J’ai rincé l’évier, essuyé mes yeux rouges et suis retournée dans le couloir. Une infirmière qui passait par là s’est arrêtée net, puis m’a souri doucement et m’a fait un petit signe de tête, comme si nous faisions partie d’un club auquel aucun de nous n’avait demandé à adhérer.
Quand je suis retournée dans la chambre d’Emma cet après-midi-là, elle se réveillait de sa sieste. Ses cils battaient contre ses joues. Elle se frotta les yeux du revers de la main, comme elle le faisait depuis sa plus tendre enfance. Elle se tourna vers la porte, s’attendant à voir une autre infirmière avec un autre gobelet de pilules, puis elle se figea.
Ses yeux s’écarquillèrent, parcourant du regard chaque centimètre de mon crâne fraîchement rasé. Sa main se porta instinctivement à son propre chapeau.
« Maman ? » murmura-t-elle, comme si j’étais une étrangère.
Je me suis approchée du lit, tout mon corps vibrant. J’ai attrapé ses doigts, chauds et secs contre les miens.

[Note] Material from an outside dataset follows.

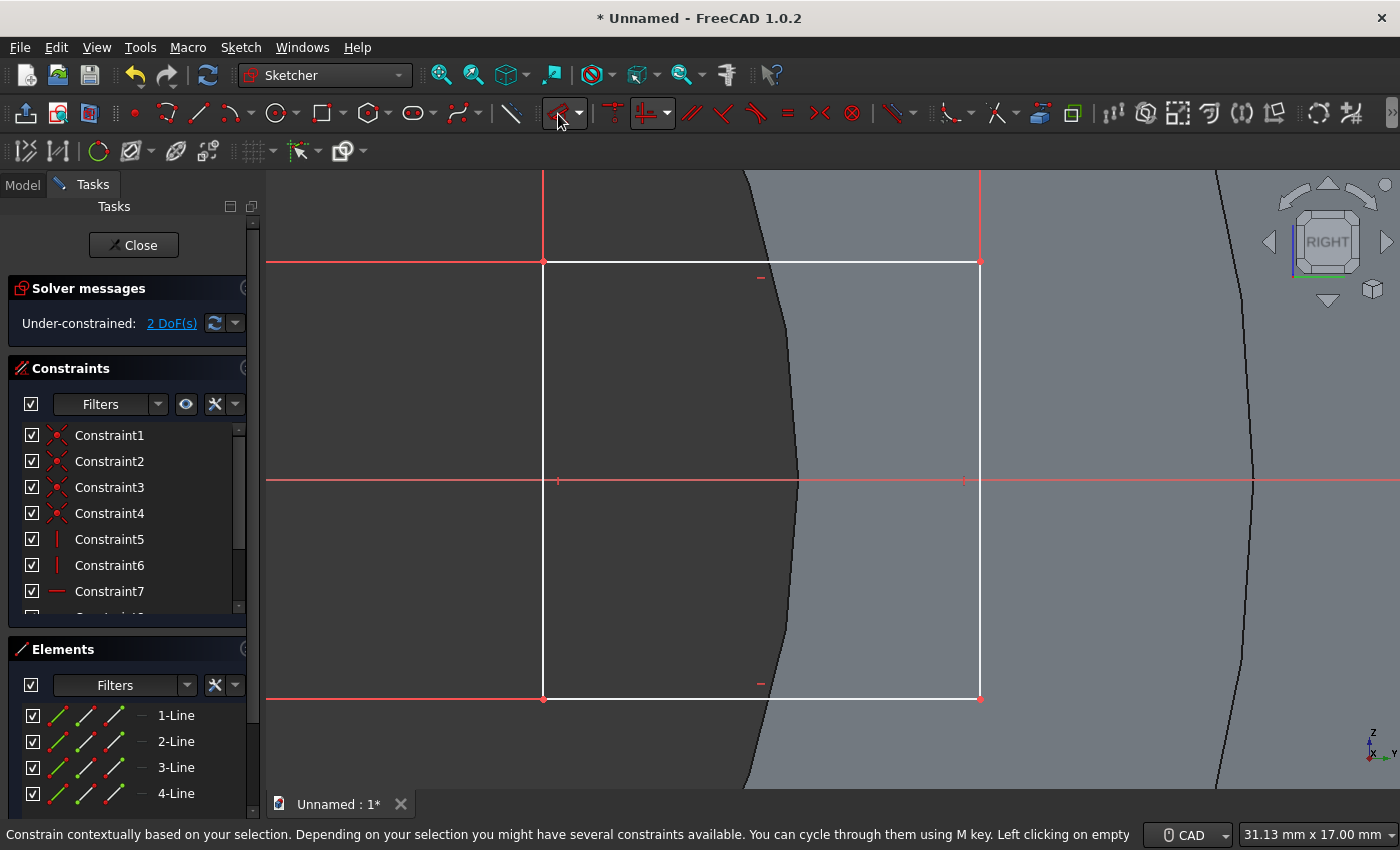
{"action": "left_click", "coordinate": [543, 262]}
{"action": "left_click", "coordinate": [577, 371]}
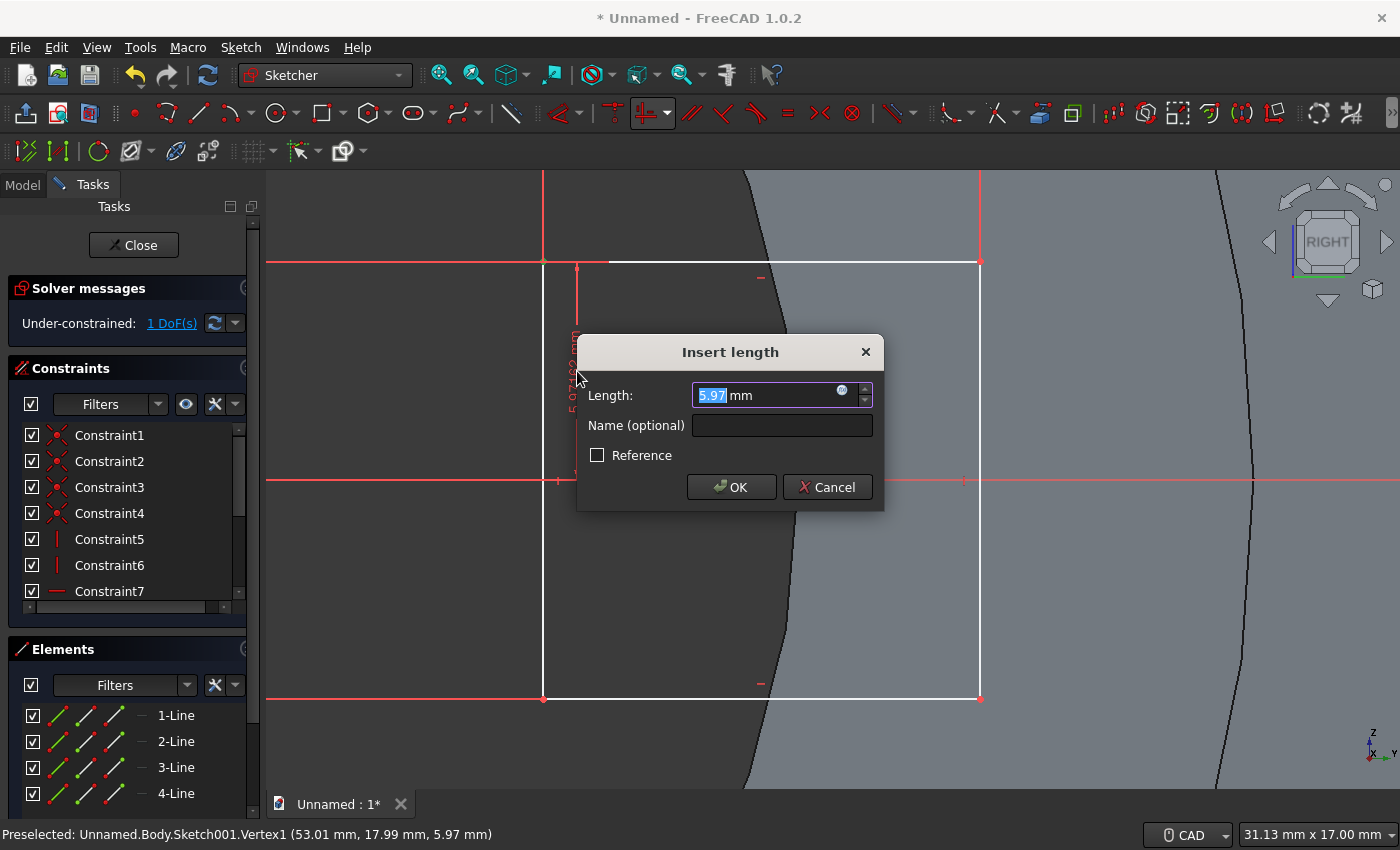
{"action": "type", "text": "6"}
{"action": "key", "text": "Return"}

« Ce matin, » ai-je dit, « tu t’es traité de monstre. »
Elle tressaillit et tenta de détourner le regard. Je lui serrai doucement la main.
« Si tu es un monstre, » dis-je, la voix tremblante mais suffisamment assurée pour terminer, « alors moi aussi. On est faits l’un pour l’autre. »
Pendant un instant, elle resta silencieuse. Son regard glissa de mon cuir chevelu à mes yeux, puis revint à mon cuir chevelu, scrutant mon visage à la recherche de moquerie, de pitié, de quelque chose qu’elle pourrait repousser.
« Tu… as fait ça… pour moi ? » demanda-t-elle enfin, à peine plus fort qu’un murmure.
« J’ai fait ça parce que je suis dans votre équipe », ai-je dit. « Quel que soit le nom qu’ils vous donnent, ils doivent m’appeler aussi. »
Sa lèvre inférieure trembla. Un son, entre rire et sanglot, lui échappa. De sa main libre, elle effleura ma tête du bout des doigts, comme si j’allais me briser.
« Tu as l’air bizarre », a-t-elle fini par dire.